胡瓊白看了眼床上的小女孩,心不甘情不願地點了兩下頭,沒說話,掉頭走了。
“外婆,我這次睡了多久啊?”蔣念念迷迷糊糊揉眼睛。
唐翠英眼角一酸,把臨到嘴邊的“昨天你早飯還沒吃完,就睡了過去”給壓下,勉強笑了笑說:“念念昨天沒睡多久,吃完晚飯後,還拖著外婆說了好久的話呢。”
“那前天呢?我前天睡了多久啊?”
“前天你吃完晚飯就去睡了。”
聞言,蔣念念掰起手指頭,認真計算著,吃完晚飯,和吃完晚飯又聊了天,究竟哪種情況才睡得更久。想了想,她不大確定地問:“外婆,那我昨天睡的時間,沒有前天那麼久吧?”
唐翠英心疼地摸了摸她頭,“是沒有前天久,但也沒關係,念念還在長身體,要多睡睡才會長高。”
蔣念念咧嘴一笑,高高興興爬起床,“那就好,我終於不用再睡那麼久了。”
也不知道怎麼回事,幾個月前,她就喜歡上了睡覺,每天都覺得睡不夠。
雖然外婆他們都說,要多睡睡才能長高,但說實話,她一點都不想長高。
因為要長高的話,她就要睡好多好多的覺,要一直躺在床上。
唐翠英笑了笑將她托起,“好了,既然念念已經醒了,那趁還沒到中午,我們先去洗洗臉,然後再吃頓熱乎乎的早餐好嘛?”

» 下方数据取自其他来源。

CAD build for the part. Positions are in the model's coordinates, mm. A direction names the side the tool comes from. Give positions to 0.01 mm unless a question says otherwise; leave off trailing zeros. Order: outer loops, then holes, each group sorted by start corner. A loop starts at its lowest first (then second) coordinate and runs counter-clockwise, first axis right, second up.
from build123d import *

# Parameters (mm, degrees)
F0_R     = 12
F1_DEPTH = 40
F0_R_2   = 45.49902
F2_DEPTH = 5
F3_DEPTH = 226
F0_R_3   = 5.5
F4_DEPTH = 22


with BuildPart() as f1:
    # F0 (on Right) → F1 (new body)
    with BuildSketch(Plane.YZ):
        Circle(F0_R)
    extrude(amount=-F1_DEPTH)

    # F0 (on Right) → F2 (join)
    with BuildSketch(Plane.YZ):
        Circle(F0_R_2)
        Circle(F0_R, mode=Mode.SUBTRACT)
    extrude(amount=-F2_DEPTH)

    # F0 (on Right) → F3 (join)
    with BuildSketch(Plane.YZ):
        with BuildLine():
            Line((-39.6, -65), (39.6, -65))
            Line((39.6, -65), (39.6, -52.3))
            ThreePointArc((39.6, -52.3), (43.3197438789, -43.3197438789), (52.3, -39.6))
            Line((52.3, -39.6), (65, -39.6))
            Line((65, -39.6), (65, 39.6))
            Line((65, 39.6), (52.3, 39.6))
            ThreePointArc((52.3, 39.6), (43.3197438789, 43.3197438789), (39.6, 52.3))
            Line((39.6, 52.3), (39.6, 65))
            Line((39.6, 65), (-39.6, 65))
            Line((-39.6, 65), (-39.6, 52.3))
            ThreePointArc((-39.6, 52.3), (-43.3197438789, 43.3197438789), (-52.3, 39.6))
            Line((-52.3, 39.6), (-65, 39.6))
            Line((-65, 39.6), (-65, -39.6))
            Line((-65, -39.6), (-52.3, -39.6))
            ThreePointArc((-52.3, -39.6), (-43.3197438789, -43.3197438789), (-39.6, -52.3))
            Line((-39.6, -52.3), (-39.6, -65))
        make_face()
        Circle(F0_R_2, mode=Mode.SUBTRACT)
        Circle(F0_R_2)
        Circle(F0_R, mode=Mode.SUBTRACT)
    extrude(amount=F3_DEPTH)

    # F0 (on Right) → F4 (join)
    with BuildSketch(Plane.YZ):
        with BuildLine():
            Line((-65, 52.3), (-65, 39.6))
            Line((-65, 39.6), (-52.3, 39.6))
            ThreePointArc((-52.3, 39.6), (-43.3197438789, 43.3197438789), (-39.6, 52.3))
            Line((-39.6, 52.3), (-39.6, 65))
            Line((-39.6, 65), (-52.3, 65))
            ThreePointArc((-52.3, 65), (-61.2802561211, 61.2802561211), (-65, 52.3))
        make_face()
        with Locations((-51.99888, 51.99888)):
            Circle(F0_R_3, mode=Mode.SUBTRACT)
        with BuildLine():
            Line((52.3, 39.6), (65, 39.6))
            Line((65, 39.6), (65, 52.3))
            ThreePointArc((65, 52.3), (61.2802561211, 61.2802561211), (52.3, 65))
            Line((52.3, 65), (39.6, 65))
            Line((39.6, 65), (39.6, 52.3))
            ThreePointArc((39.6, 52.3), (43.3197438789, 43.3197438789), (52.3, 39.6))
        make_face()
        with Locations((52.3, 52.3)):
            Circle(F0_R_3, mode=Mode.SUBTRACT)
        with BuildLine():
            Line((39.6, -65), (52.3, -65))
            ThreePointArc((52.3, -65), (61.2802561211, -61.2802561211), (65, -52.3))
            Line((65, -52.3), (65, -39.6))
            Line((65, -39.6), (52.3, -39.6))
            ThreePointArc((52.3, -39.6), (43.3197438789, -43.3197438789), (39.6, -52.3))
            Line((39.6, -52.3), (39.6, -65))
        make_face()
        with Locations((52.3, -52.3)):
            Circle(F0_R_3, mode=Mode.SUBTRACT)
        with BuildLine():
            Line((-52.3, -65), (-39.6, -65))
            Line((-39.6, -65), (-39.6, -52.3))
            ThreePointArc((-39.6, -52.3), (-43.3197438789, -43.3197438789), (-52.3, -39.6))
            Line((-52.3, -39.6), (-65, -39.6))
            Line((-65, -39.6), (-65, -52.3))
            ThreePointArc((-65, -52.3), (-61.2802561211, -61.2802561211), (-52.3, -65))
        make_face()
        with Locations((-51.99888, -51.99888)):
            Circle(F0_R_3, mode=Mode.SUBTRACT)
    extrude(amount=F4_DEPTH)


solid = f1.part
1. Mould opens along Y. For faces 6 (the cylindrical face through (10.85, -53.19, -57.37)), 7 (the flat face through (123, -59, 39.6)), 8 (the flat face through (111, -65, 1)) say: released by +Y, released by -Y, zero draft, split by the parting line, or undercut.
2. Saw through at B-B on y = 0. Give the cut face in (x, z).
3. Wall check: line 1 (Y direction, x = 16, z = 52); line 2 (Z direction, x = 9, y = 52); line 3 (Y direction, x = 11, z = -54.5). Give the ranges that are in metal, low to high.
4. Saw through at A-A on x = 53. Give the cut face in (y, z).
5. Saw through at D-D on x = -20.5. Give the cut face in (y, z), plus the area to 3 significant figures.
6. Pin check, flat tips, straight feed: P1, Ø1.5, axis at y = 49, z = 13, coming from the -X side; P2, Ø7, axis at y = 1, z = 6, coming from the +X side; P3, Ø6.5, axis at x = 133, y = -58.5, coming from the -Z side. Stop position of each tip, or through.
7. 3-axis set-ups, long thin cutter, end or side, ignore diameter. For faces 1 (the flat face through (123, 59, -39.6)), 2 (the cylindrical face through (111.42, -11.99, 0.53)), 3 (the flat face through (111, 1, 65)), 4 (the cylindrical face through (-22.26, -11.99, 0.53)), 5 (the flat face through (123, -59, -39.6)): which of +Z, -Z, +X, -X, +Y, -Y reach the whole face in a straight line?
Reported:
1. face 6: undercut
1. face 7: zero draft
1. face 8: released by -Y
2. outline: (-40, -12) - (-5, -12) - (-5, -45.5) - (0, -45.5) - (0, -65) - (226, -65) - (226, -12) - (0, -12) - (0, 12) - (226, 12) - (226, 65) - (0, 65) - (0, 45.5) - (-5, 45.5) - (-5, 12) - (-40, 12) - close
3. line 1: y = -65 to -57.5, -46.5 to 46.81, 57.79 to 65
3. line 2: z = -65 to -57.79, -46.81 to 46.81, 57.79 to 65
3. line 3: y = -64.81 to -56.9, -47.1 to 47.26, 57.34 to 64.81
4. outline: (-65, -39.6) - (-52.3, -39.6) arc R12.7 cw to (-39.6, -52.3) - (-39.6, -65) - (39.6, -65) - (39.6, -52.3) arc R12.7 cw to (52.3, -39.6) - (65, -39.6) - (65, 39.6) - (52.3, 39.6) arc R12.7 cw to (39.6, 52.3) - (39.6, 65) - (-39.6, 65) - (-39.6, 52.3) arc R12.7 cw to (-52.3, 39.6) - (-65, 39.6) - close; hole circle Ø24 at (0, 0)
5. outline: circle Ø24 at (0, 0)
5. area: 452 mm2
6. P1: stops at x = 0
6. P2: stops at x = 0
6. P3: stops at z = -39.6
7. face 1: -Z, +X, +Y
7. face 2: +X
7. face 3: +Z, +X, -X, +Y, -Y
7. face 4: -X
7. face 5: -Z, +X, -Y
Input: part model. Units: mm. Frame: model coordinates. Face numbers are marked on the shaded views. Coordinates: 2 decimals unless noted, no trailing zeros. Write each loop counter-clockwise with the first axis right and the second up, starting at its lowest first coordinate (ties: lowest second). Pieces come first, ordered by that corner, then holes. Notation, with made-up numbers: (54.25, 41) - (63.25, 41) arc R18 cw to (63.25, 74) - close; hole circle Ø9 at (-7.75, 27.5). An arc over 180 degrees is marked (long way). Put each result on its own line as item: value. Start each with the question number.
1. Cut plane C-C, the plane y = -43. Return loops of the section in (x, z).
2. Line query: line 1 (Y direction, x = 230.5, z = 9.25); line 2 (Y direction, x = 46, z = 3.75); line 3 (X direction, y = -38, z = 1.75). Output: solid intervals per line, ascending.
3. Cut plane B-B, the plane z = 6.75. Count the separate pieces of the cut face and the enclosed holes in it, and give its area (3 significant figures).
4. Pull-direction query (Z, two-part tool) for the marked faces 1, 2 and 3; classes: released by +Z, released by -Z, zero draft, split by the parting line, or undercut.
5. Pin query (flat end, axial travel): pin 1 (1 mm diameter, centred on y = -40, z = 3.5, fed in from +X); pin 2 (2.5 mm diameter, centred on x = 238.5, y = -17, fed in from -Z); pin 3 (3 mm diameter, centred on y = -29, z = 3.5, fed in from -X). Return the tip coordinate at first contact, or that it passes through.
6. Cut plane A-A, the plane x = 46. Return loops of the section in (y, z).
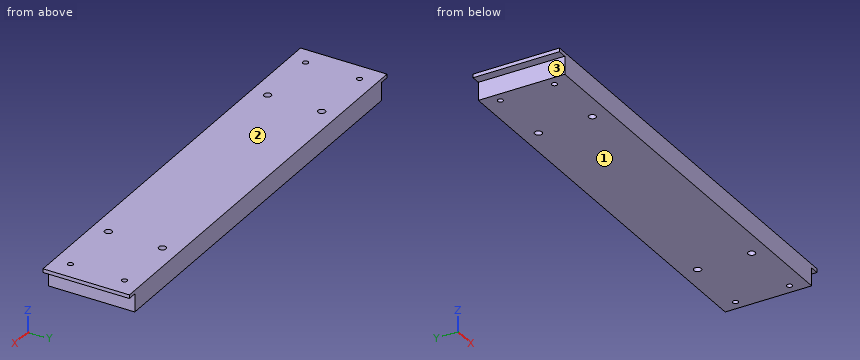
from build123d import *

# Parameters (mm, degrees)
ESQUISSE1_W      = 241
ESQUISSE1_H      = 48
ESQUISSE1_R      = 1.5
ESQUISSE1_R_2    = 2
EXTRUSION1_DEPTH = 12
ESQUISSE2_W      = 5
ESQUISSE2_H      = 10
EXTRUSION2_DEPTH = 49


with BuildPart() as part:
    # Esquisse1 → Extrusion1 (new body)
    with BuildSketch(Plane.XY):
        with Locations((120.5, -24)):
            Rectangle(ESQUISSE1_W, ESQUISSE1_H)
        with Locations((230.5, -39)):
            Circle(ESQUISSE1_R, mode=Mode.SUBTRACT)
        with Locations((10.5, -9)):
            Circle(ESQUISSE1_R, mode=Mode.SUBTRACT)
        with Locations((10.5, -39)):
            Circle(ESQUISSE1_R, mode=Mode.SUBTRACT)
        with Locations((230.5, -9)):
            Circle(ESQUISSE1_R, mode=Mode.SUBTRACT)
        with Locations((195, -39)):
            Circle(ESQUISSE1_R_2, mode=Mode.SUBTRACT)
        with Locations((46, -9)):
            Circle(ESQUISSE1_R_2, mode=Mode.SUBTRACT)
        with Locations((46, -39)):
            Circle(ESQUISSE1_R_2, mode=Mode.SUBTRACT)
        with Locations((195, -9)):
            Circle(ESQUISSE1_R_2, mode=Mode.SUBTRACT)
    extrude(amount=EXTRUSION1_DEPTH)

    # Esquisse2 → Extrusion2 (cut, through all)
    with BuildSketch(Plane(origin=(0, 0, 0), x_dir=(1, 0, 0), z_dir=(0, 1, 0))):
        with Locations((2.5, -5)):
            Rectangle(ESQUISSE2_W, ESQUISSE2_H)
        with Locations((238.5, -5)):
            Rectangle(ESQUISSE2_W, ESQUISSE2_H)
    extrude(amount=-EXTRUSION2_DEPTH, mode=Mode.SUBTRACT)


solid = part.part
Report:
1. outline: (0, 10) - (5, 10) - (5, 0) - (236, 0) - (236, 10) - (241, 10) - (241, 12) - (0, 12) - close
2. line 1: y = -48 to -40.5, -37.5 to -10.5, -7.5 to 0
2. line 2: y = -48 to -41, -37 to -11, -7 to 0
2. line 3: x = 5 to 9.38, 11.62 to 44.27, 47.73 to 193.27, 196.73 to 229.38, 231.62 to 236
3. separate pieces: 1
3. enclosed holes: 8
3. area: 11,000 mm^2
4. face 1: released by -Z
4. face 2: released by +Z
4. face 3: zero draft
5. pin 1: stops at x = 236
5. pin 2: stops at z = 10
5. pin 3: stops at x = 5
6. outline: (-48, 0) - (-41, 0) - (-41, 12) - (-48, 12) - close; (-37, 0) - (-11, 0) - (-11, 12) - (-37, 12) - close; (-7, 0) - (0, 0) - (0, 12) - (-7, 12) - close

“好。”蔣念念乖乖點頭,抱住外婆脖子,刷完牙洗完臉後,同外婆一起下樓。
外婆對小芳說道:“小芳,你先去喊吳嬸下碗麵條,記得要清淡一點,不要下太多,我們今天晚點再吃午飯。”
“老夫人您放心,吳嬸她估摸好時間,現在已經在下麵條了。”
趁吳嬸下麵條的功夫,小芳來幫她編辮子,先是拿梳子將她頭發梳得整整齊齊,不打結之後,再把她頭發由上至下分紋路,編蜈蚣辮。
蔣念念碎碎念地說起話來,唐翠英有一下沒一下地點頭回應。
她忽而想到什麼,問道:“外婆,你不是說有新朋友要來嗎?那他什麼時候來啊?”
唐翠英回過神來,目光複雜地對上外孫女懵懂又期待的眼神,歎了歎氣說:“如果不出意外,他今晚上…就能到我們家。”
蔣念念眼睛一亮,激動地拽住外婆大手,又驚又喜問:“真的嗎?他今天就能到嗎?”
唐翠英苦笑著點了下頭。
樂了好一會兒,蔣念念又繼續問:“外婆,那他以後是住我們家了嗎?”
聽見這話,唐翠英麵上更難堪了,“是會在我們家住上一段時間。”
蔣念念卻是滿足地笑了起來,隻是一想到什麼,小臉又瞬間垮下,“外婆,那如果他要住我們家,這麼久不見的話,他爸爸媽媽肯定也會很想很想他吧?”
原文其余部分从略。